Consequently, it becomes evident why cybercriminals, armed with significant and often cost-effective manpower, as well as an array of techniques, specifically target undisclosed assets and consistently discover exploitable weaknesses. The first step to keeping up, while avoiding overburdening internal security resources, is to establish a Vulnerability Disclosure Program (VDP).
The value of VDP
VDPs offer a controlled framework for security operators to proactively and continuously assess internet-connected applications and infrastructure, recording weaknesses and anomalies. VDP providers have gathered massive communities of hackers and researchers, each with a specific skill set and experience, which can make an organisation’s security much more robust. These hackers undertake ongoing assessments on internet-facing assets, including third-party software, such as open-source libraries, which are a breeding ground for cybercrime.

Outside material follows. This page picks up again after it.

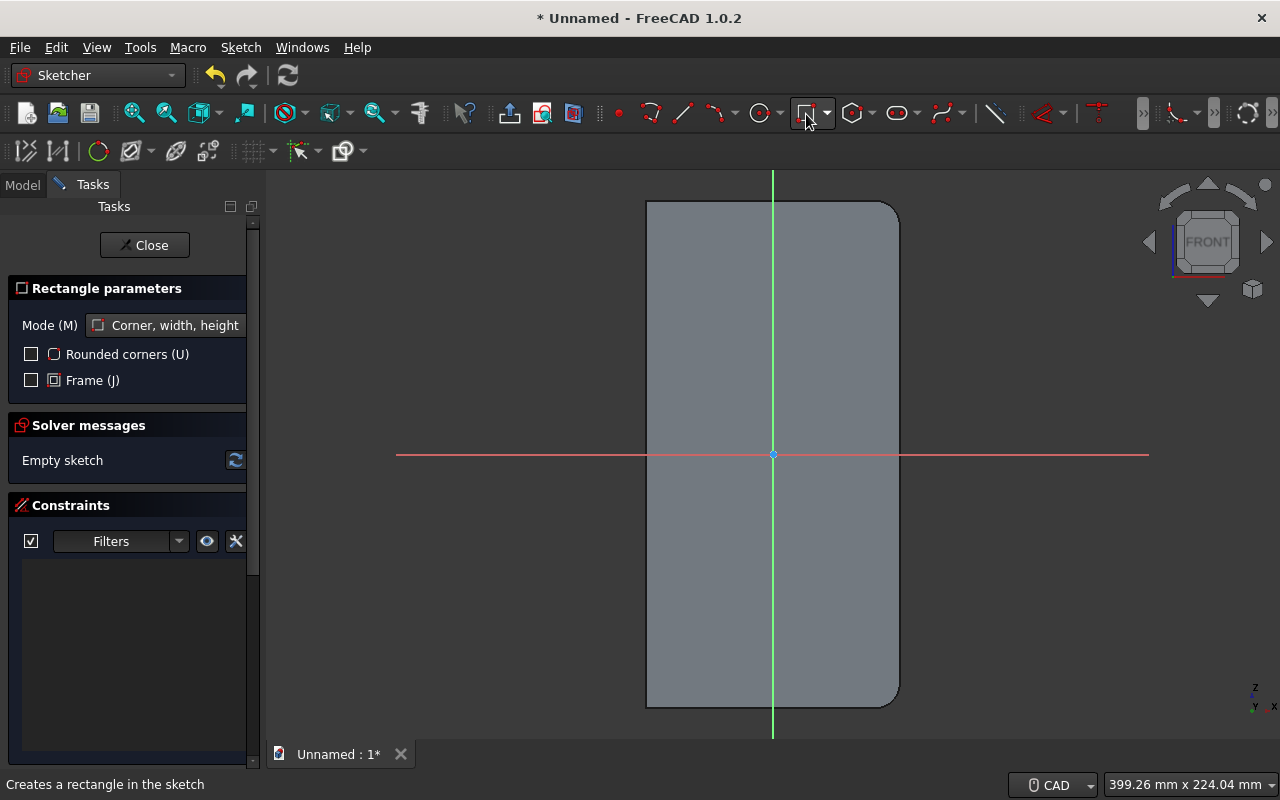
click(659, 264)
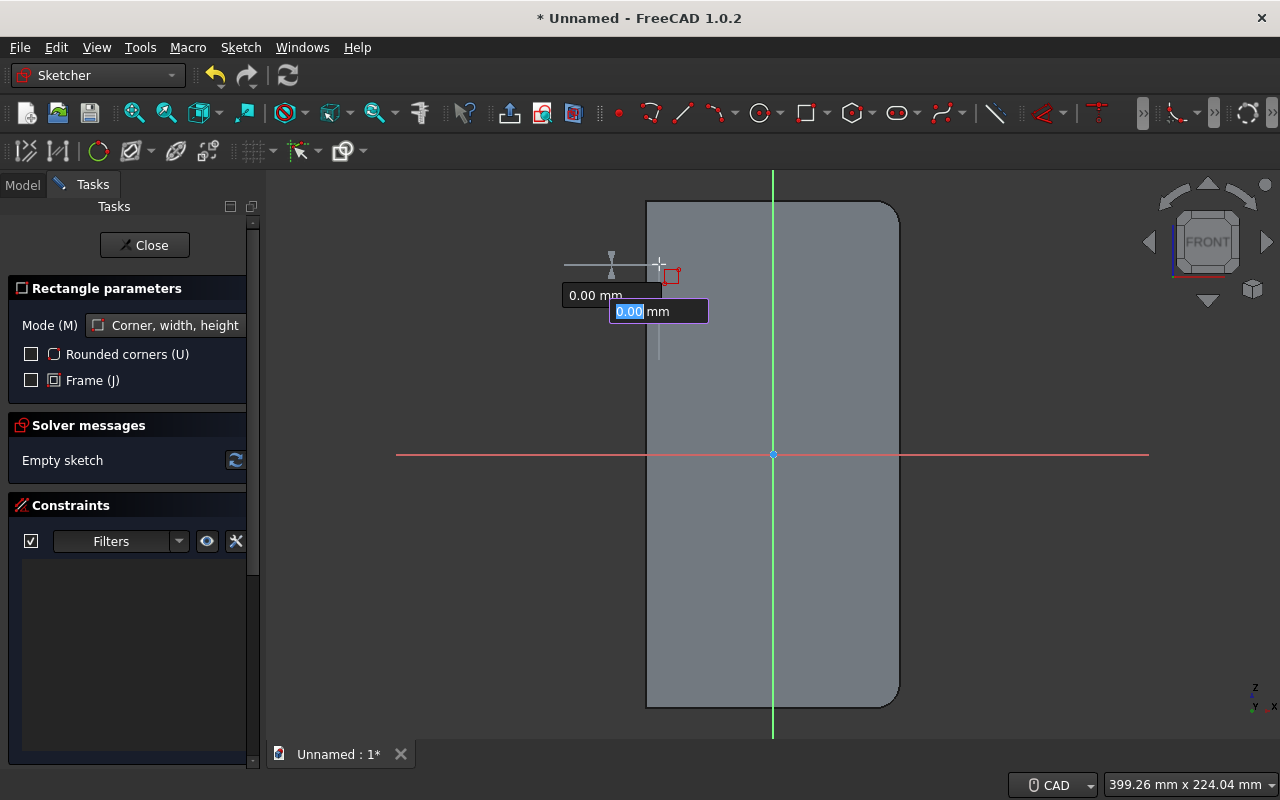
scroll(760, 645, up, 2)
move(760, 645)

Even the most risk-adverse organizations, including defense agencies in the UK, US, And Singapore, have leveraged VDPs. The US Department of Defense has seen over 45,000 vulnerabilities reported through theirs since its inception in 2016. That’s how continuous feedback from hackers, related to the potential fall-out from vulnerabilities, extends the scope and knowledge of internal security teams. Delivering and maintaining this level of coverage in-house is beyond the scope of most companies.

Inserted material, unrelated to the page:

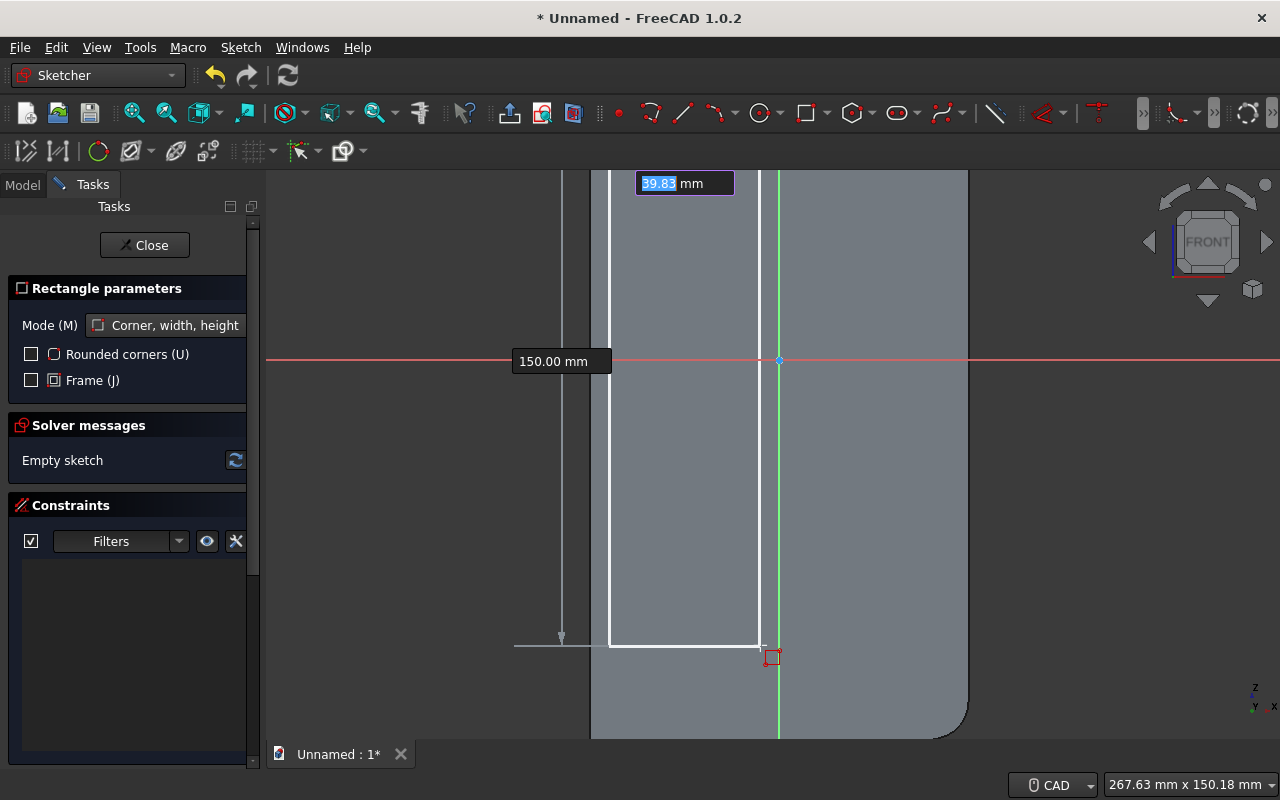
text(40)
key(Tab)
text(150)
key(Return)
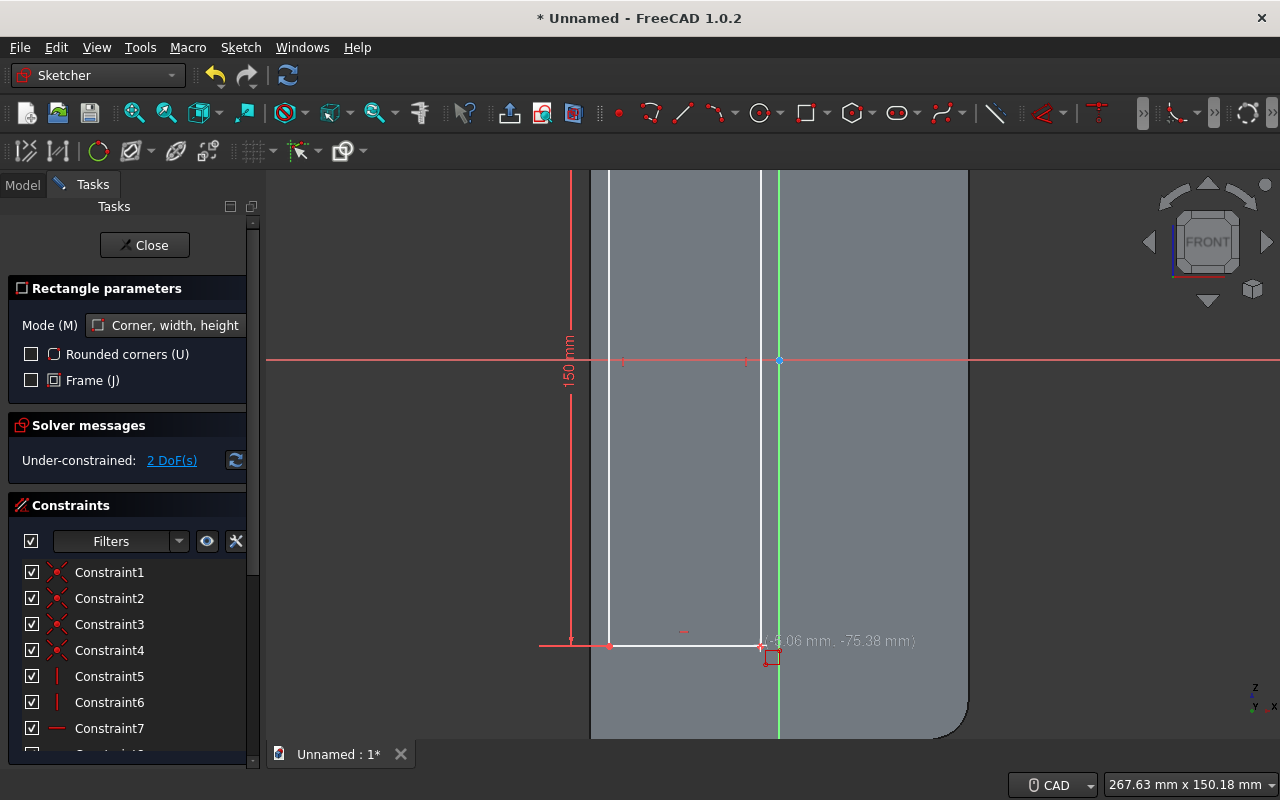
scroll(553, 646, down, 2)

Every digital organisation should establish a VDP to leverage ethical hacking, however, to ensure hackers' security, the UK Home Office should also update the Computer Misuse Act to boost legal protections for good faith cyber exploration and threat research.
Ethical hacking in the real world
In practice, hacking can be customised to meet many sizes and types of requirements. The UK’s National Cyber Security Centre is leading the field with its vulnerability disclosure reporting program, which applies to its own website and extends to any online government site. The UK’s Ministry of Defence (MoD) is another example of a government agency leading by example. It is collaborating with the hacker community to support its own technical talent and introduce more diverse perspectives to help defend assets more effectively.
Businesses with large-scale asset inventories might also want to think about establishing a Vulnerability Rewards Program (VRP), which provides financial incentives to identify and report weaknesses. Companies can onboard hackers who offer specialist expertise to take part, depending on the assets that are in the VRP. The promise of attractive reimbursement will entice the best security specialists globally.
At the same time, if enterprises are offering more substantial financial incentives for spotting and submitting weaknesses quickly and directly, then the value to cybercriminals of stockpiling vulnerabilities for future ransomware attacks reduces accordingly.
Looking to a secure future
Staying one step ahead of the cybercriminal community is an onerous and complicated task, however, hackers can help tilt the balance in favour of the businesses and away from the malicious actors who are constantly probing for weakness. By introducing financial incentives and protecting them from well-meaning but misguided prosecution, we can help ensure a brighter future for businesses and individuals alike.